[[ SOURCE MATERIAL, beginning ]]

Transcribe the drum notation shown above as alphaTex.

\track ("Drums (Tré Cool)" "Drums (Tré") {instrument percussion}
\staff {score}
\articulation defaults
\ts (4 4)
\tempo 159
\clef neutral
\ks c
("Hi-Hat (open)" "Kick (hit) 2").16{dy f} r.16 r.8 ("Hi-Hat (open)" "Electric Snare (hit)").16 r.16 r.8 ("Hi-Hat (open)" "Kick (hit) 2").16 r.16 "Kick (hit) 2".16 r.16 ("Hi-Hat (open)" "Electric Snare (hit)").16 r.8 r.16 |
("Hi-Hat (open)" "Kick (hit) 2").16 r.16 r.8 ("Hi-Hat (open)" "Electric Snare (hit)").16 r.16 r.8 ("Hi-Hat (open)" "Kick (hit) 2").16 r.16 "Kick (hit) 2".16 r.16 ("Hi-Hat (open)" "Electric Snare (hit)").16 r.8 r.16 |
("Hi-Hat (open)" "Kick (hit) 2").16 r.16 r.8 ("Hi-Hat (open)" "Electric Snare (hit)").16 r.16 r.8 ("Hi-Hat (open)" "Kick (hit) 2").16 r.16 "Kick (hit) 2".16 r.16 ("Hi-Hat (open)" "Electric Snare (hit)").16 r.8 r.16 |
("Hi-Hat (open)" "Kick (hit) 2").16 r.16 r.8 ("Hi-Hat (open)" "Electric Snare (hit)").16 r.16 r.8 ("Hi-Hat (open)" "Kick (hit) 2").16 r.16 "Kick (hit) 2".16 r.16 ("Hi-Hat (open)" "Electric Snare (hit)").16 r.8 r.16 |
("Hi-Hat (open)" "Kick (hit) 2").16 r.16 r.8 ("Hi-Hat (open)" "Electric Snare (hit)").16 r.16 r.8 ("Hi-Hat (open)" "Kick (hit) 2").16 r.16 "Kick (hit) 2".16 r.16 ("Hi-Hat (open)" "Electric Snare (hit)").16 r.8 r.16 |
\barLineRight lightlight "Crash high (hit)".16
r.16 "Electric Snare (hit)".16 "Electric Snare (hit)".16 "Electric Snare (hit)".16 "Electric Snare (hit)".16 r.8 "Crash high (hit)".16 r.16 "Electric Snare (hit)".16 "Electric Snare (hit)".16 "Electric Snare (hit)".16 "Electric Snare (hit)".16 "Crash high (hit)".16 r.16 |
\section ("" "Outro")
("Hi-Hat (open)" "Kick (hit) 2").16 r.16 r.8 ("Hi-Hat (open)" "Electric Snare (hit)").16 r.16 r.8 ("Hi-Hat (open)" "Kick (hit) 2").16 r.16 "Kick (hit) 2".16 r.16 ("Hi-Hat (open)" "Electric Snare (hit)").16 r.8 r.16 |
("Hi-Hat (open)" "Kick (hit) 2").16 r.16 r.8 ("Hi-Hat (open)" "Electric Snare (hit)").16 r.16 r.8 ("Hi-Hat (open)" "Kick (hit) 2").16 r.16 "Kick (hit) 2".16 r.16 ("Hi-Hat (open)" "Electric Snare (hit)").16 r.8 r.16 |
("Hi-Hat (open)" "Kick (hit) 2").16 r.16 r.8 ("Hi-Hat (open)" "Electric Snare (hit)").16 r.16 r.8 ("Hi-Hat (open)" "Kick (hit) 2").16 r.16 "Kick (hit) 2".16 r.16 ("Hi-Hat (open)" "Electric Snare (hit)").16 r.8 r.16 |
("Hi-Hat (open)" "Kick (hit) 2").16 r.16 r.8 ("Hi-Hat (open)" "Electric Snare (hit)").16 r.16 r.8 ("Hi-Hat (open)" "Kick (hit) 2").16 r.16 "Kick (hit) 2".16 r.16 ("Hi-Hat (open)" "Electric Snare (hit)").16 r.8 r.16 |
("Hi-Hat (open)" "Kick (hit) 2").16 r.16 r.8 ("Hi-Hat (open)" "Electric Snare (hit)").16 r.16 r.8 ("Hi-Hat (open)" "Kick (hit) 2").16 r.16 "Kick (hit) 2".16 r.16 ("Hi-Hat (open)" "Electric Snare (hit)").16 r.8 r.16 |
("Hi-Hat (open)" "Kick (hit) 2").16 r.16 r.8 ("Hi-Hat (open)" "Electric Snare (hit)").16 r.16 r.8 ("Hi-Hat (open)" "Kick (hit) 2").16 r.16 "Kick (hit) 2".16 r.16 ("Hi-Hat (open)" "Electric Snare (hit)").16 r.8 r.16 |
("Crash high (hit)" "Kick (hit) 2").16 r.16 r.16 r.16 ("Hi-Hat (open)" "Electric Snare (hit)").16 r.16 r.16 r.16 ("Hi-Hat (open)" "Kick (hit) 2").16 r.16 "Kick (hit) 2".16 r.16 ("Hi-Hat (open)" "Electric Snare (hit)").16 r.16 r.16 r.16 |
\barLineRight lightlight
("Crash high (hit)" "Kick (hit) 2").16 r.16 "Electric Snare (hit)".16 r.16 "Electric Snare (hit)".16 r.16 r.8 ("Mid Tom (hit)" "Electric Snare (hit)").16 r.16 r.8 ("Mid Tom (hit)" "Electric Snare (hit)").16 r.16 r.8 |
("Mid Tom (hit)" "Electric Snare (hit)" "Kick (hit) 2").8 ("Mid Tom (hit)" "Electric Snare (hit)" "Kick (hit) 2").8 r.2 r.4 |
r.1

[[ SOURCE MATERIAL, end ]]
[[ SOURCE MATERIAL, beginning ]]

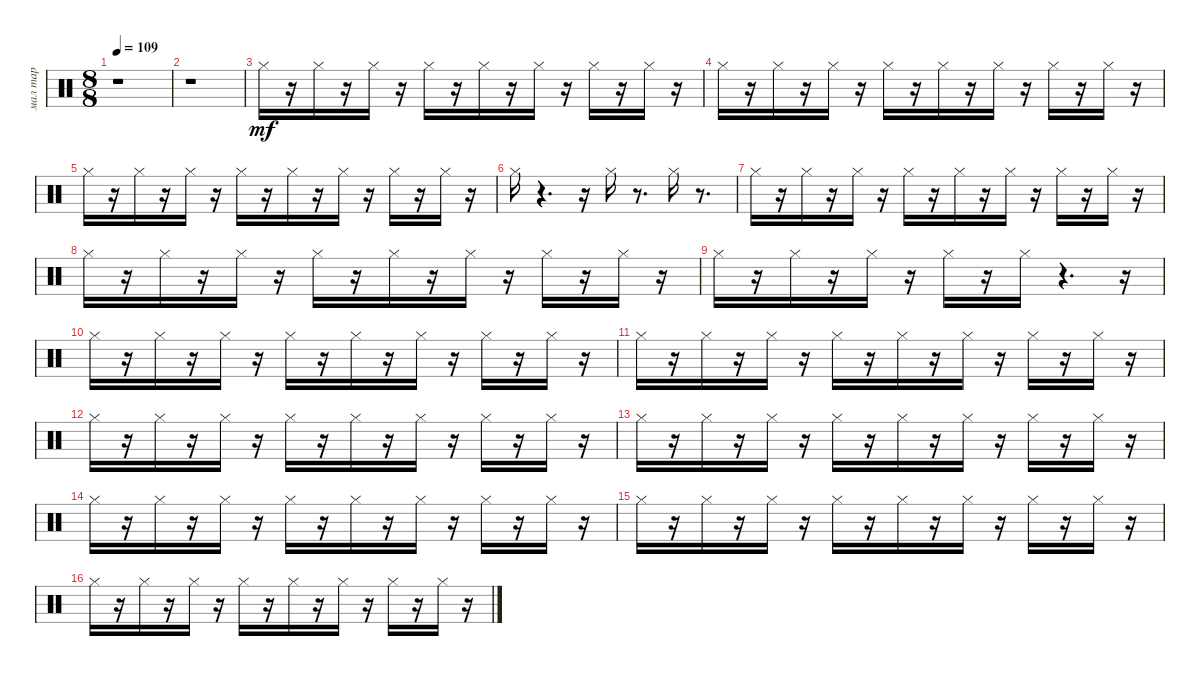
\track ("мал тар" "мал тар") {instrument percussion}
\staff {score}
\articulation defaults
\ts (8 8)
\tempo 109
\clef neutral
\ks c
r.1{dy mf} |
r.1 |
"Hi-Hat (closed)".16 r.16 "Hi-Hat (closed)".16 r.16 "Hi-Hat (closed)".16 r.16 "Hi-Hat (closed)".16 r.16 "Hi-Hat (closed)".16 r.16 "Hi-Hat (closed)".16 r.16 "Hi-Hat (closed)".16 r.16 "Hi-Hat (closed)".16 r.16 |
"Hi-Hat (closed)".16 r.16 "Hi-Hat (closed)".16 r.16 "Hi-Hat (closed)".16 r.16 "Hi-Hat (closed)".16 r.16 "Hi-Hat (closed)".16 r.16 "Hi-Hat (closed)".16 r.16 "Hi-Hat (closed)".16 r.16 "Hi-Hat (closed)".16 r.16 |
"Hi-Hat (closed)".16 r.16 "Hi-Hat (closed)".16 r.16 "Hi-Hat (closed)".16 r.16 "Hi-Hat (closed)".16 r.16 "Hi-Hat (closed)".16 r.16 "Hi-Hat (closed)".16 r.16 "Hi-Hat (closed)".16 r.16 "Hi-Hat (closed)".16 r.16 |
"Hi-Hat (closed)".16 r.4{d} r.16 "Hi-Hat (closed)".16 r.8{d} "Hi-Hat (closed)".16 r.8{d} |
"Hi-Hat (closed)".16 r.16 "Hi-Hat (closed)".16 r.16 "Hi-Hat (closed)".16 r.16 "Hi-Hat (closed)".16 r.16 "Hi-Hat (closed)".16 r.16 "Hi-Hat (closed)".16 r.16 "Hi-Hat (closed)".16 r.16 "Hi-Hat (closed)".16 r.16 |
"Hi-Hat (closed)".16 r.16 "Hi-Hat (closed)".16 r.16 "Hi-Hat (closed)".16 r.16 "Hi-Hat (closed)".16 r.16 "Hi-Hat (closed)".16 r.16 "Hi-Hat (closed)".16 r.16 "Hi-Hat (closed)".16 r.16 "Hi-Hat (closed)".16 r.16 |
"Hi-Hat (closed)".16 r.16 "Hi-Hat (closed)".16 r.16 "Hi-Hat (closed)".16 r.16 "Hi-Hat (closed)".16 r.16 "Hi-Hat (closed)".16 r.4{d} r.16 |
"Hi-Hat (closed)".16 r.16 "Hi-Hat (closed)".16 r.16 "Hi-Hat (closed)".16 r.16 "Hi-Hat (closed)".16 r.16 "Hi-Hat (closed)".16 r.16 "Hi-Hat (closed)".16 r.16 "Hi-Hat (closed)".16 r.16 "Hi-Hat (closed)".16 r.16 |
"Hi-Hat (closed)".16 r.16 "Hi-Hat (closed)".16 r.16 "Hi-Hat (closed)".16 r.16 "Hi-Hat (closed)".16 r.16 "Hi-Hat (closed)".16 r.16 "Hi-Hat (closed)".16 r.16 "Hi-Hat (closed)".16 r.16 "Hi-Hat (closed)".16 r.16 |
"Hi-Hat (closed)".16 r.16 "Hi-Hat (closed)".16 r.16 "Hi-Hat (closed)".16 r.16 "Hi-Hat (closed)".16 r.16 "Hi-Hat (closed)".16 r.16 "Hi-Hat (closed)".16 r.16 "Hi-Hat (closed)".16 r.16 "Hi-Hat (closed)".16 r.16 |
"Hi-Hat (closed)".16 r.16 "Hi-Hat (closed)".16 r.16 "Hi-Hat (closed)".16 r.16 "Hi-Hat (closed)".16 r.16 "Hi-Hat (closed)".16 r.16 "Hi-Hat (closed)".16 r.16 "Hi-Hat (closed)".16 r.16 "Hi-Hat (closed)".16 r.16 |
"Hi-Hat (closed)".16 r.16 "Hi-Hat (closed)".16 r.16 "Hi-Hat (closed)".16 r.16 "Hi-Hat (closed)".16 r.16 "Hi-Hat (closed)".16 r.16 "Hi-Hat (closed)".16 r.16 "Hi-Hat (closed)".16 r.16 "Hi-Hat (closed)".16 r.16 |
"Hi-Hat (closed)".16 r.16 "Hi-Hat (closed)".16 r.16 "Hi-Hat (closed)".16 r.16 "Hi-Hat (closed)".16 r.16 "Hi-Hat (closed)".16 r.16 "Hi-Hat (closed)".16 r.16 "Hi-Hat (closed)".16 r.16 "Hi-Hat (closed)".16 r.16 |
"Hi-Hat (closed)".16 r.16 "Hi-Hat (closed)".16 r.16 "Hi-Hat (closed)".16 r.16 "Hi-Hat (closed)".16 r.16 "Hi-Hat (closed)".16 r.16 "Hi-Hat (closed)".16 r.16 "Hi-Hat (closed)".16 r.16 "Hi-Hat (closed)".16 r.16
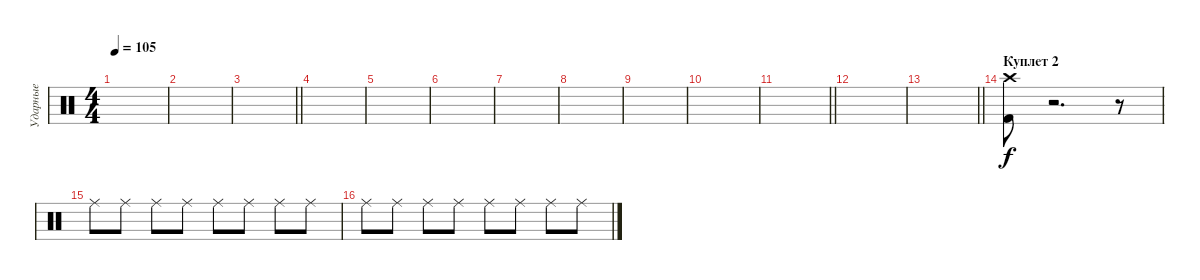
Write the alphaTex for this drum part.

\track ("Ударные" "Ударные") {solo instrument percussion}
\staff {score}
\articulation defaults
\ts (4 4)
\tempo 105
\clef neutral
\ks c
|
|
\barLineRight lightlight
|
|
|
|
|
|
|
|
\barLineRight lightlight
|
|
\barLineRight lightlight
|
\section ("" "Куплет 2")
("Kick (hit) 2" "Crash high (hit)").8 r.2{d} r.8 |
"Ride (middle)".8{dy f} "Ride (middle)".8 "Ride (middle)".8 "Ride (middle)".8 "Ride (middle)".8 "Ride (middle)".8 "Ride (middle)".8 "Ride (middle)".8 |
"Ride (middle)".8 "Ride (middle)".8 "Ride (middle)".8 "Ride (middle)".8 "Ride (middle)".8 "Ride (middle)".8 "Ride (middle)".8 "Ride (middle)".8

[[ SOURCE MATERIAL, end ]]

Some lines in the data above hold the string "middle". Find and copy each of them.

(EXERCISE OUTPUT):
"Ride (middle)".8{dy f} "Ride (middle)".8 "Ride (middle)".8 "Ride (middle)".8 "Ride (middle)".8 "Ride (middle)".8 "Ride (middle)".8 "Ride (middle)".8 |
"Ride (middle)".8 "Ride (middle)".8 "Ride (middle)".8 "Ride (middle)".8 "Ride (middle)".8 "Ride (middle)".8 "Ride (middle)".8 "Ride (middle)".8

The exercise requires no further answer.